This is not a review of the Rothko exhibition at the Gemeentemuseum; a super event surely, advertised all over The Hague on a poster with the most attractive purple colour ever. This is a stream of thoughts by a painter, me, walking by the works of one of the best artists of the last century at least. The exhibition is so much museum minded, educational, a set up for the wide public, with the beginning, the middle and the end clearly marked and explained. It is not bad to use the language to guide; can’t imagine what the reaction would be if there were only the paintings standing there, calling to the chaos. I am not sure whether Rothko would have approved the exhibition, but then he is dead so long that his opinion is a relic for historians and archivists. His works on the other hand stand like space rocks on the walls, detached from the content of the room. We, the spectators, belong to the squared floor and the air above it while the paintings pulsate in present-infinity. They represent the rarely heard moment of tuning to the universe’s sound. Some of us feel that this tuning is what painting is about, just like music.

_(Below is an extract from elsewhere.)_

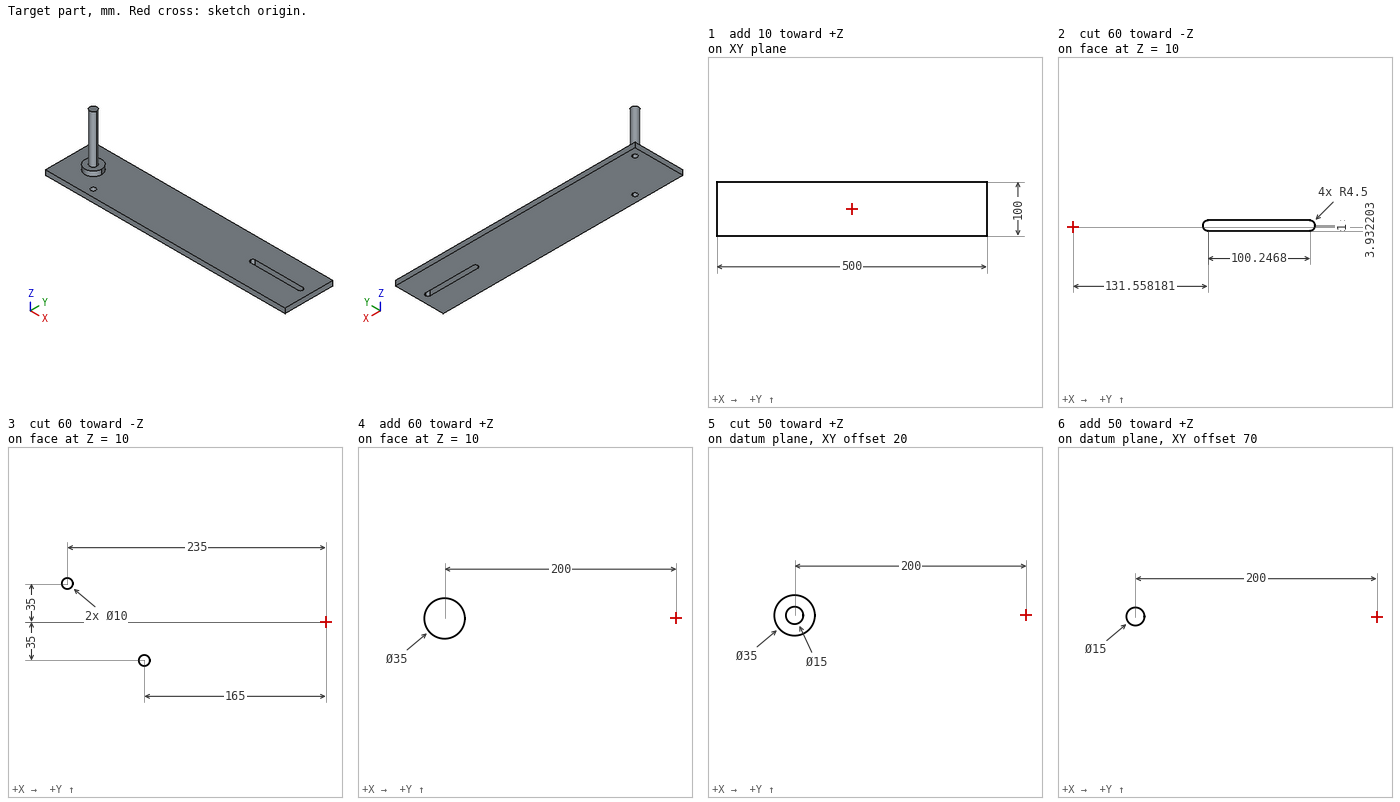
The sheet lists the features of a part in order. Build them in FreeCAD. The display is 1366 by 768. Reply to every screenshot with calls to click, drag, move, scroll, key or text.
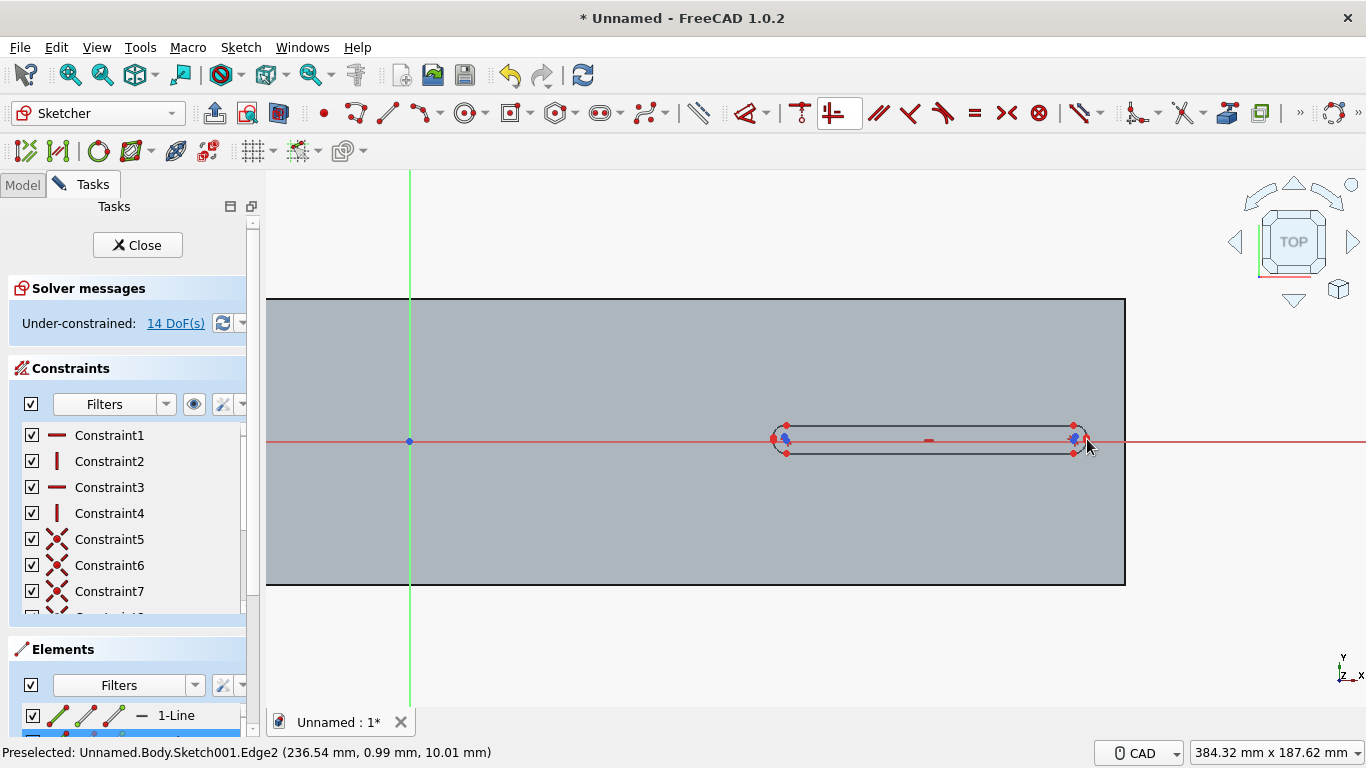
scroll(1079, 452, up, 5)

Yet, it is rather improbable for anyone to weep in front of them in the company of at least thirty others in the room and the audio guides in hands and ears.

It is kind of odd this high-end presentation in between the produces of the creative industry (which of course has goggled up the myth and the money about Rothko too, no doubt). However, in the times of no-object art, this is a formidable reminder that painting is not some kind of trick, is not entertainment nor a description of anything, and certainly does not need words to go with it nor heavy meanings and references. By the way, painting does not need to be interactive either; standing contemplative in front of it should be enough.

Still, Rothko’s earlier works are amusing throwing into insignificance the charms of shape or texture: mucky, indelicate, incomprehensible just as observations of something not visible. Colour passes by quickly and then as the rooms darken to host the reds and the blacks, I align once more with his view, that red and black are not like the other colours. They are as far as it can be from being decorative or descriptive and therefore closer to the step beyond. Besides, once you’ve shifted towards them it needs a good dosage of insanity to help you get by; the emotional crack is unbearable. When you have a good hatch in reality to get back and forth, it can very well not be the end. But then again, talking about the self inflicted end; imagine, you have an ailing body, you’re working in loneliness for a spiritual experience in painting and then this is your destiny: you have rallied with a soup can and the soup can won (and in an extended time projection too).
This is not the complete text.